Читаем Дзен и исскуство ухода за мотоциклом полностью

В своих «Основах Науки» Пуанкаре объяснял, что предпосылки кризиса основ науки очень стары. Долго и безрезультатно добивались, говорил он, демонстрации аксиомы, известной как пятый постулат Эвклида, и этот поиск стал началом кризиса. Постулат Эвклида о параллельных, утверждающий, что через данную точку нельзя провести больше одной линии, параллельной данной прямой, мы обычно изучаем в курсе школьной геометрии. Это один из основных блоков, на которых строится вся математика геометрии.

Все остальные аксиомы казались слишком очевидными для того, чтобы подвергать их сомнению, а эта — нет. И все же от нее невозможно было избавиться, не уничтожив огромных порций математики, и никто, казалось, не мог сократить ее до чего-то более элементарного. Какие огромные усилия потратили впустую в этой химерической надежде, в действительности, трудно вообразить, говорил Пуанкаре.

Наконец, в первой четверти девятнадцатого века и почти в одно и то же время венгр и русский — Боляи и Лобачевский — неопровержимо установили, что доказательство пятого постулата Эвклида невозможно. Они размышляли так: если бы существовал способ свести постулат Эвклида к другим, более определенным аксиомам, то станет заметным другой эффект — полное изменение постулата Эвклида создаст логические противоречия в геометрии. Вот они и изменили его на противоположный.

Лобачевский в самом начале допускает, что через данную точку можно провести две параллели к данной прямой. И, кроме этого, сохраняет все остальные аксиомы Эвклида. Из этих гипотез он выводит серию теорем, среди которых невозможно найти никаких противоречий, и выстраивает геометрию, безупречная логика которой ни в чем не уступает логике эвклидовой геометрии.

Таким образом, своей неспособностью найти какие-либо противоречия он доказывает, что пятый постулат несводим к более простым аксиомам.

Но не доказательство тревожило. Его же собственный рациональный побочный продукт вскоре затмил и его, и все остальное в области математики. Математика, краеугольный камень научной определенности, внезапно стала неопределенной.

Теперь у нас имелось два противоречащих видения непоколебимой научной истины, истинной для всех людей во все времена, безотносительно их личных пристрастий.

Вот что послужило основой глубокого кризиса, разбившего научное самодовольство Позолочевного Века. Откуда нам узнать, какая из этих геометрий верна? Если не существует основания для различения их, то тогда имеется только вся математика, допускающая логические противоречия.

Но математика, допускающая внутренние логические противоречия, — вообще не математика. Конечное действие неэвклидовых геометрий становится не большим, чем бессмысленной бредятиной колдуна, вера в которую поддерживается исключительно самой верой!
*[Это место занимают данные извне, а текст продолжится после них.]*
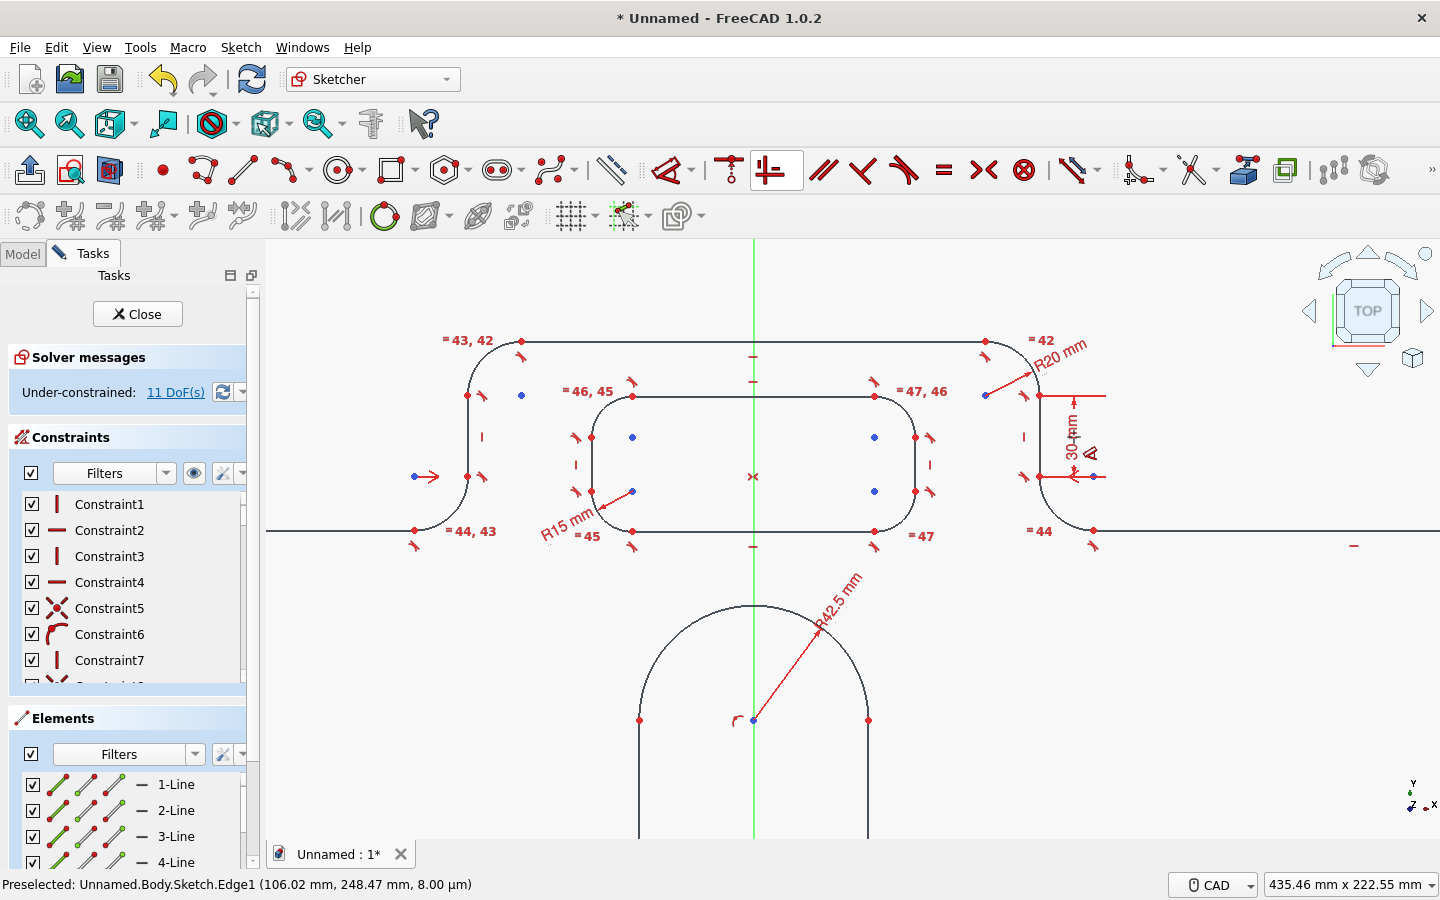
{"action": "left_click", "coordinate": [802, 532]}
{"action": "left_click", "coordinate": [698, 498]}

И, разумеется, раз такие двери открылись, едва ли можно было ожидать, что число противоречащих систем непоколебимой научной истины ограничится двумя. Появился немец по фамилии Риманн с еще одной непоколебимой системой геометрии, которая швыряет за борт не только постулат Эвклида, но и первую аксиому, утверждающую, что только одна прямая может быть проведена через две точки. Снова внутреннего противоречия нет, есть только лишь несовместимость с геометриями как Эвклида, так и Лобачевского.

В соответствии с Теорией Относительности, геометрия Риманна наилучшим образом описывает мир, в котором мы живем.


У Три-Форкс дорога врезается в узкий каньон в скалах, покрытых беловатым налетом, и проходит мимо пещер Льюиса и Кларка. К востоку от Бьютта мы преодолеваем долгий и трудный подъем, пересекаем Континентальный Раздел и спускаемся в долину. Затем минуем огромную трубу плавильного завода в Анаконде, заворачиваем в сам городок и находим хороший ресторан со стейками и кофе. Мы долго поднимаемся по дороге, которая ведет к озеру, окруженному хвойными лесами, и по солнцу я определяю, что утро уже почти кончилось.

Мы проезжаем через Филлипсбёрг и выбираемся на заливные луга. Встречный ветер здесь более порывистый, поэтому, чтобы немножко погасить его, я сбавляю скорость до пятидесяти пяти. Проезжаем сквозь Мэксвилл, и к тому времени, как добираемся до Холла, нам уже очень нужно хорошо отдохнуть.

Рядом с дорогой находим церковный двор и останавливаемся. Поднялся сильный ветер и стало зябко, но солнце согревает, и мы кладем шлемы и расстилаем куртки с подветренной стороны церкви. Здесь очень открыто и одиноко, но прекрасно. Когда вдалеке есть горы или хотя бы холмы, есть пространство. Крис утыкается лицом в куртку и пытается заснуть.

Теперь, без Сазерлендов, все по-другому — так одиноко. Если ты меня извинишь, я просто еще немного продолжу свое Шатокуа, пока одиночество не пройдет.